Vous venez d’hériter d’une maison, à plusieurs. D’un côté le deuil, de l’autre les démarches — et souvent, une réalité qui s’impose vite : quand on est plusieurs héritiers, se mettre d’accord n’a rien d’évident. Un frère pressé de vendre, une sœur attachée aux murs, et rien qui avance. Si vous vous reconnaissez dans ces lignes, vous n’êtes pas seuls — c’est même l’un des scénarios les plus courants dans une succession.
Voici les 7 blocages que je rencontre le plus souvent chez les héritiers du Bassin Minier, et comment on les débloque, un par un.
Vous partez de zéro ?
Le guide “Maison héritée : et si la première étape était d’y voir clair ?” pose les bases avant même d’en arriver à ces blocages.
1. L’usufruitier qui bloque la vente
Le conjoint survivant a l’usufruit de la maison, les enfants en ont la nue-propriété. Même quand tous les enfants sont d’accord pour vendre, rien n’est possible sans l’accord du conjoint usufruitier — et inversement.
Ce que ça fait ressentir : l’incompréhension face à un mécanisme juridique qu’on découvre souvent après coup, et parfois une gêne à aborder le sujet avec le parent survivant, comme si vouloir vendre revenait à le pousser dehors.
Ce qui aide, en pratique : la vente en usufruit et nue-propriété réunis reste possible dès lors que les deux parties s’accordent, avec
une répartition du prix entre elles selon des règles précises. Poser calmement ce que chacun y gagne — sécurité financière pour l’usufruitier, simplification pour les enfants — désamorce souvent la gêne initiale. La répartition exacte du prix de vente entre usufruit et nue-propriété doit être calculée par votre notaire.
2. Un héritier occupe encore la maison
L’un des héritiers, ou un proche du défunt, continue de vivre dans la maison depuis le décès. Demander à cette personne de partir devient un sujet que personne n’ose vraiment aborder.
Ce que ça fait ressentir : la culpabilité de devoir “mettre dehors” un frère, une sœur, ou le compagnon du défunt, et la peur que cela envenime durablement la relation.
Ce qui aide, en pratique : faire chiffrer une indemnité d’occupation (une compensation versée aux autres héritiers tant que le bien n’est pas libéré) permet souvent de sortir la discussion du terrain purement affectif. Ce n’est pas moi qui décide à la place de la famille, mais poser un cadre clair — délai, indemnité, calendrier de départ — aide à transformer un sujet tabou en discussion concrète.
3. Le désaccord sur le prix de vente
Personne ne conteste qu’il faut vendre — le désaccord porte sur le montant. Un héritier veut attendre une meilleure offre, un autre veut accepter la première proposition sérieuse, pressé d’en finir.

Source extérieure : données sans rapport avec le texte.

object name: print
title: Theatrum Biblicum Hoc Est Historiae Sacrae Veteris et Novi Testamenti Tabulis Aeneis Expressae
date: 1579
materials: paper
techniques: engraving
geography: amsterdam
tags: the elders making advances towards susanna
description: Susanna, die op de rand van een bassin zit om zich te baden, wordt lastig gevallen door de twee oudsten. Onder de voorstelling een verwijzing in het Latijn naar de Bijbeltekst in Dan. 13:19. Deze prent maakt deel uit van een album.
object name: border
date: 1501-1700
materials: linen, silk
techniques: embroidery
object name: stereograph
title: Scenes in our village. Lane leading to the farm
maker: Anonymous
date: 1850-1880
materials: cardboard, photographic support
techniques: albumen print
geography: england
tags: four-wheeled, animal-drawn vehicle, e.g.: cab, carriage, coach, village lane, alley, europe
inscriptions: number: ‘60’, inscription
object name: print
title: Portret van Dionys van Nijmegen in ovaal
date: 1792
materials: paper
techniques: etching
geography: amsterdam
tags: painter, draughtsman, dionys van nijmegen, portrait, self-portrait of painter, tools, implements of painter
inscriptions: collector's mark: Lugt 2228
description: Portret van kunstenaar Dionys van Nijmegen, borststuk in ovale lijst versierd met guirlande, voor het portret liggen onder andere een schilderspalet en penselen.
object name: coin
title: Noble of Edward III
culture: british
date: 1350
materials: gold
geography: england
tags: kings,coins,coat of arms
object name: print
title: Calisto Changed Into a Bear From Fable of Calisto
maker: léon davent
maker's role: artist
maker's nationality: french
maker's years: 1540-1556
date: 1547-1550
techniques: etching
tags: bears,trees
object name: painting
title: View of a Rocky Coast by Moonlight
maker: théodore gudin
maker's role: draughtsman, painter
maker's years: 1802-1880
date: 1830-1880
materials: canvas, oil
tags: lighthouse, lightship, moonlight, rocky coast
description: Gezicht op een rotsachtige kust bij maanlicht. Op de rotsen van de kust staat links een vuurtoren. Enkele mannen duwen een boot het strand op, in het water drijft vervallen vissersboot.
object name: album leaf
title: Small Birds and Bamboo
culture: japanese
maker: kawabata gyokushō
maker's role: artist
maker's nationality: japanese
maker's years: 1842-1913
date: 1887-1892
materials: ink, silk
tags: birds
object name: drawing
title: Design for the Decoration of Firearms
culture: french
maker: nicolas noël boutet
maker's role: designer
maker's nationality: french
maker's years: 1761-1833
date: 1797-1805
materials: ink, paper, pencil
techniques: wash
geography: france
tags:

Ce que ça fait ressentir : l’impatience de l’un vécue comme de la précipitation par l’autre, et le sentiment que chaque nouvelle offre relance la même dispute.
Ce qui aide, en pratique : une estimation basée sur des données de marché réelles et récentes coupe court à une bonne partie de ces désaccords, parce qu’elle donne un repère commun plutôt que deux avis qui s’opposent. Le rôle du professionnel ici n’est pas de trancher, mais de fournir ce repère factuel auquel chacun peut se rallier.
4. Un héritier mineur dans la succession
Un des héritiers est mineur au moment de la succession. La vente ne peut alors pas se faire comme pour des héritiers majeurs : elle nécessite une autorisation, du représentant légal, parfois du juge des tutelles ou du conseil de famille.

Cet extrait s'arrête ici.